Police: Leader of Multi-State Wal-Mart Theft Ring Forced Women Into Stealing

A shoplifting investigation at a Vermont Wal-Mart revealed that a Rhode Island man had been forcing women to steal from stores across New England, police say.

Vermont State Police reports written by troopers out of the Middlesex barracks describe that their investigation began at a Wal-Mart store in Berlin. In documents obtained Tuesday by necn, police accused 41-year-old Johnnie Hammond of Providence of forcing women to shoplift for him, and intimidating them with threats of beatings.

Police said Hammond was the leader of a theft ring targeting Wal-Mart stores across New England, from the Boston area, to southern New Hampshire, Maine, and the Berlin store.

Items stolen from one location would be returned to another for cash or credit, police said.

Some of the stolen merchandise, which troopers said they recovered from a vehicle Hammond was using in his travels, included a haul of bed sheets, school supplies and bike parts.

All told, police said they recovered $4,000 in merchandise believed to be from several northeast Wal-Mart stores.

Beyond the alleged thefts, police affidavits filed with the Vermont Superior Court this week painted a disturbing picture of who troopers say did the stealing.

Police accused Hammond of strong-arming several women into being his thieves.

The suspect denied the accusations against him in a court appearance Monday.

Police said they caught up with Hammond Sunday, along with another man and four women he was traveling with. The encounter with police followed reports from the public of erratic driving in the southbound lane of Interstate 89 in Williamstown, according to court documents.

Troopers said they found a gold Toyota Camry parked at the Vermont Agency of Transportation garage in Williamstown. The occupants, who police said told conflicting stories and provided false names, appeared to be having car trouble.

"I began to suspect that [two of the women in the car] may be involved in something that they did not want to be a part of," Trooper James Vooris wrote in his report.

One of the women, whom necn is not identifying because she is described in police paperwork as a victim, told police she was in Vermont against her will.

Police said another woman told them that Hammond , or "Poopie," as she knew him, would threaten to beat her and others if they didn't shoplift for him.

"She also advised she only eats when Hammond buys her food and the last time she ate was the day before in Nashua, New Hampshire," Trooper James Vooris wrote in his report.

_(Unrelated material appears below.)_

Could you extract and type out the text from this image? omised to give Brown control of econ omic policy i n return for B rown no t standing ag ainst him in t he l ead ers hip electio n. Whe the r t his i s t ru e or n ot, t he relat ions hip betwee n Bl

That woman said Hammond gave her orders on what to steal. She said he hit her with an electric toothbrush and that she was "very afraid" of him, Vooris wrote, adding that she reported being a "10" on a scale of 1-10 of her fear of Hammond.

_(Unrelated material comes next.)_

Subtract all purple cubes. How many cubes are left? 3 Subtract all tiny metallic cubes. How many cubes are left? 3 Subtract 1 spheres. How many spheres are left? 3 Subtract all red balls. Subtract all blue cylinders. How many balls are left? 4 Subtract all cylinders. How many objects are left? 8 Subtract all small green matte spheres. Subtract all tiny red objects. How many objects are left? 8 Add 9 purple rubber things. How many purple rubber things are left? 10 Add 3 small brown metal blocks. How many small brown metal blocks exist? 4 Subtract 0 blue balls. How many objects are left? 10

That 20-year-old woman was discovered through a police database search to be a missing person from Rhode Island, Trooper Brandon Degre wrote in another police report filed with the court.

Court documents showed a third woman told police she, too, was afraid of Hammond, because she "witnessed him assault girls in the past," including the two other women in the car.

The alleged leader of the theft ring pleaded not guilty to felony charges of retail theft and unlawful restraint.

Hammond also denied a third charge, a misdemeanor, of lying to a police officer, according to court records.

The investigation is still ongoing, Vermont State Police said Monday in a news release.

A check of Hammond's criminal record Tuesday revealed a lengthy rap sheet, which included a past case in Albany, New York, of sex trafficking involving the use of a substance to impair the judgment of the person.

According to the Vermont Superior Court, as of early Tuesday afternoon, Hammond was listed as being jailed at the Northwest State Correctional Facility in St. Albans for lack of bail.